4 thoughts on “Sara Milano’s Presentation

  • April 19, 2020 at 10:52 pm

    I liked this alot— great work! Thank you for sharing.

  • April 20, 2020 at 7:29 pm

    I’d read about the story of Sirlilar Stokes while conducting research for a project in my Critical Thinking class and how solitary confinement is not conducive to anyone, and especially people suffering from a mental health condition. It is so heartbreaking and I wish more attention was brought to policymakers about this practice. It makes me wonder where control and power dynamics come into play when sentencing a prisoner to solitary confinement for acting out or not abiding by rules.

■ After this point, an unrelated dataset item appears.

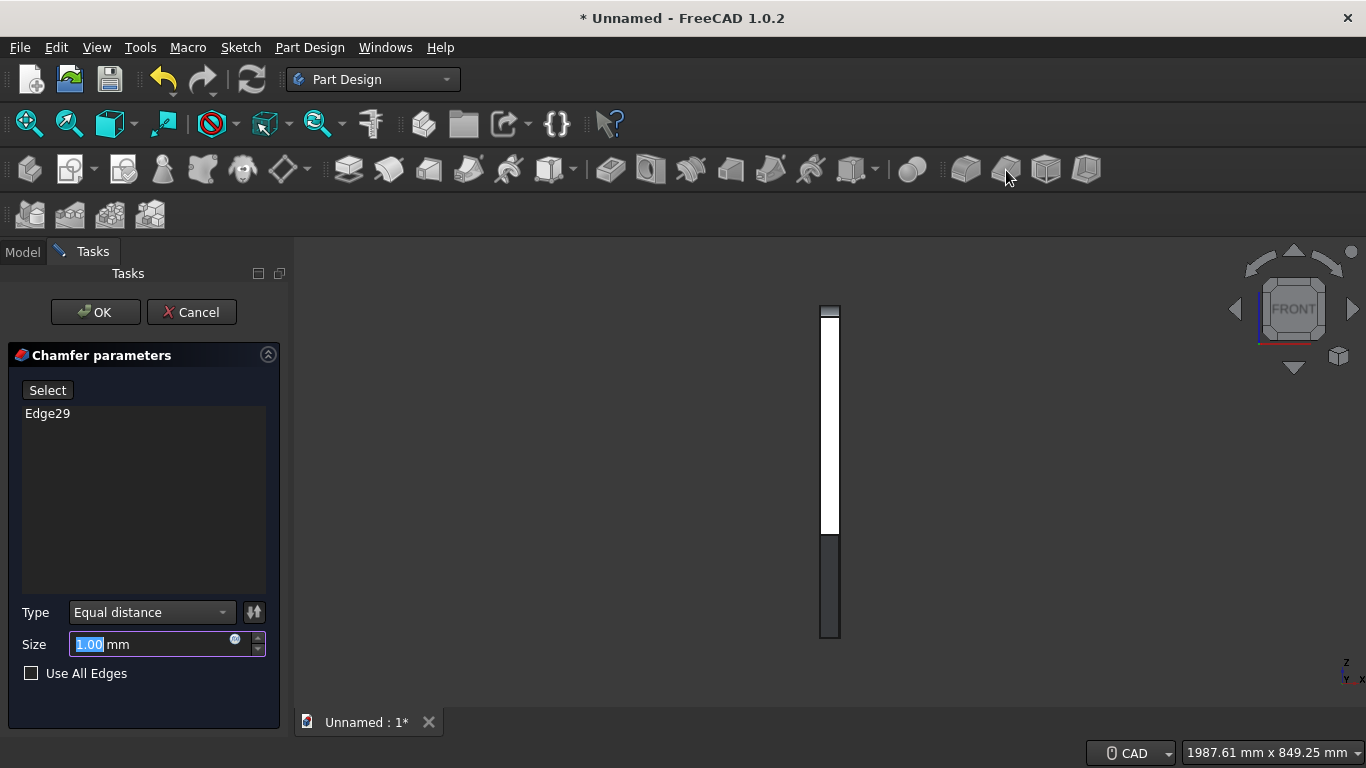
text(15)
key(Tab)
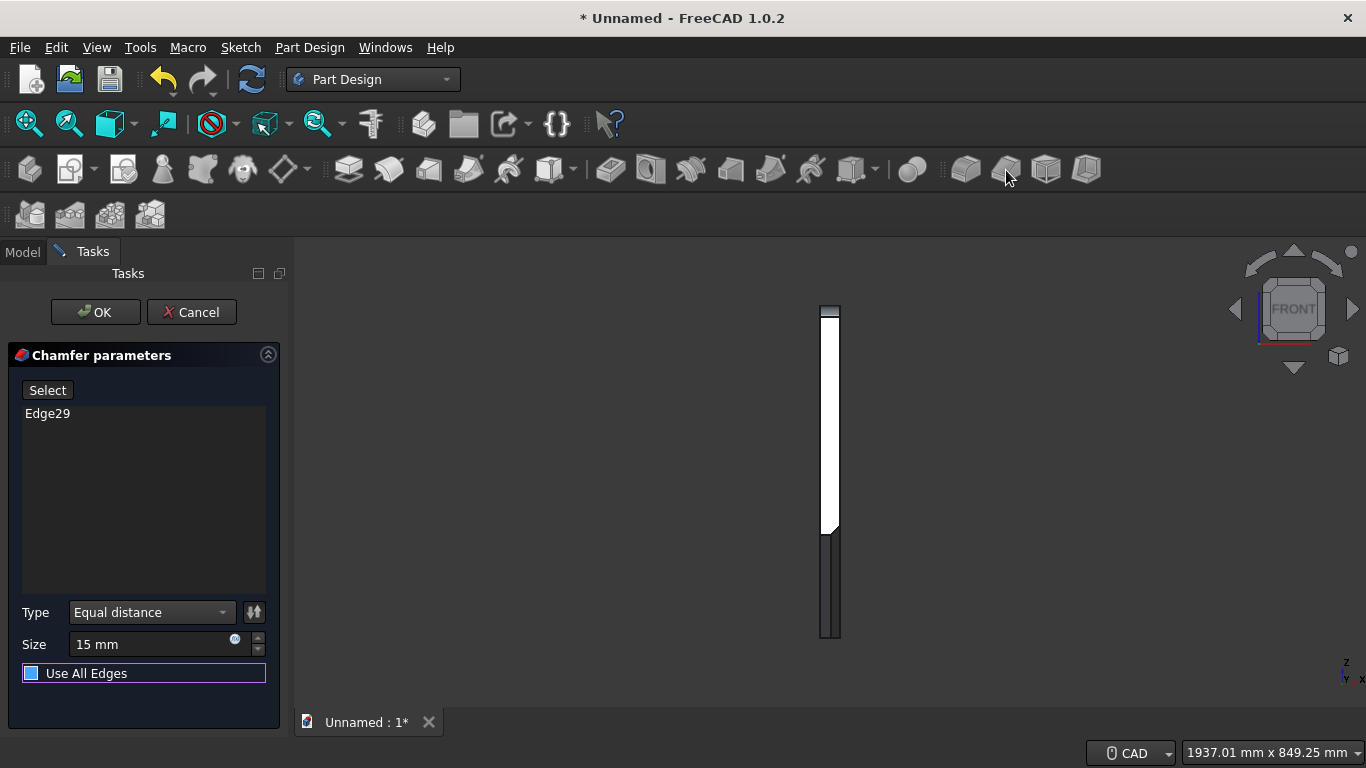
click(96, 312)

  • April 20, 2020 at 10:43 pm

    Wow. That clip made the entire presentation. One can infer from the interview that Sirlilar was likely in a psychotic state when she committed the murder. In Cohen’s Boundaries of Blackness, she writes about a concept called secondary marginalization. Here is a quote from an abstract by Amanda Armstrong at https://scholar.oxy.edu/urc_sstudent/1036/:
    Secondary marginalization is a process of exclusion of a subgroup of a marginalized community that functions outside the normative rules that determine community membership and power. Within the black community, this includes women and gay men, two of the groups most highly afflicted with HIV/AIDS. In 2008, blacks have the highest rate of new HIV infections. Stratification among marginal group members targets the most vulnerable in the group in exchange for the progress of the whole. I looked specifically at the impact of secondary marginalization on black women. The ideologies surrounding black women suggest that they are promiscuous, poor, and drain the welfare system. Popular media has shown a rise in images of promiscuous black women in the last ten years. Mass media outlets, such as the Los Angeles Times, have also shown a rise in articles on black women and poverty, welfare, crime, and drug use. In an attempt to distance the black community as a whole from the negative images of black women, the crises of black women go largely ignored. This is reflected by the decline of articles on HIV/AIDS in black womens’ indigenous magazines. Finally, in 2008, little has changed in the black community’s response to the HIV/AIDS crisis via funding or education programs.

  • April 21, 2020 at 9:02 am

    Sara, I loved this presentation!! I am really interested in mental health as a whole so I thought this was a great topic to analyze.